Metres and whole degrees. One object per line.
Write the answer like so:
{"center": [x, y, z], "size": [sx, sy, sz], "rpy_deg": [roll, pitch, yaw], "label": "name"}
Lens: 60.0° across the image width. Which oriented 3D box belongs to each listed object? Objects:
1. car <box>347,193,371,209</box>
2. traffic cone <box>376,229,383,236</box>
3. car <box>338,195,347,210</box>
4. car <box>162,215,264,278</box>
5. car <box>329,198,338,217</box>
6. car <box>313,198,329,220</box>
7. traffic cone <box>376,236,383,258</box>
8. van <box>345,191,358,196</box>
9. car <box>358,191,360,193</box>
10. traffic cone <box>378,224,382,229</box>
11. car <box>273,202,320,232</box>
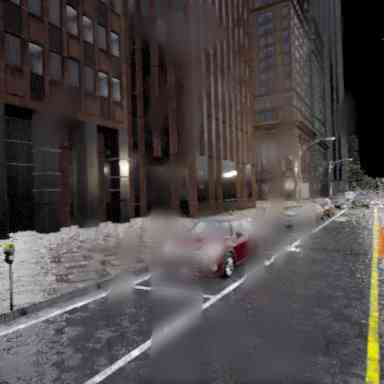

____________________

- Exercise aim -
From the first line to the last, repeat the data above exactly and leave the pictures out.

- Solution to the exercise -
Metres and whole degrees. One object per line.
Write the answer like so:
{"center": [x, y, z], "size": [sx, sy, sz], "rpy_deg": [roll, pitch, yaw], "label": "name"}
Lens: 60.0° across the image width. Which oriented 3D box belongs to each listed object? Objects:
1. car <box>347,193,371,209</box>
2. traffic cone <box>376,229,383,236</box>
3. car <box>338,195,347,210</box>
4. car <box>162,215,264,278</box>
5. car <box>329,198,338,217</box>
6. car <box>313,198,329,220</box>
7. traffic cone <box>376,236,383,258</box>
8. van <box>345,191,358,196</box>
9. car <box>358,191,360,193</box>
10. traffic cone <box>378,224,382,229</box>
11. car <box>273,202,320,232</box>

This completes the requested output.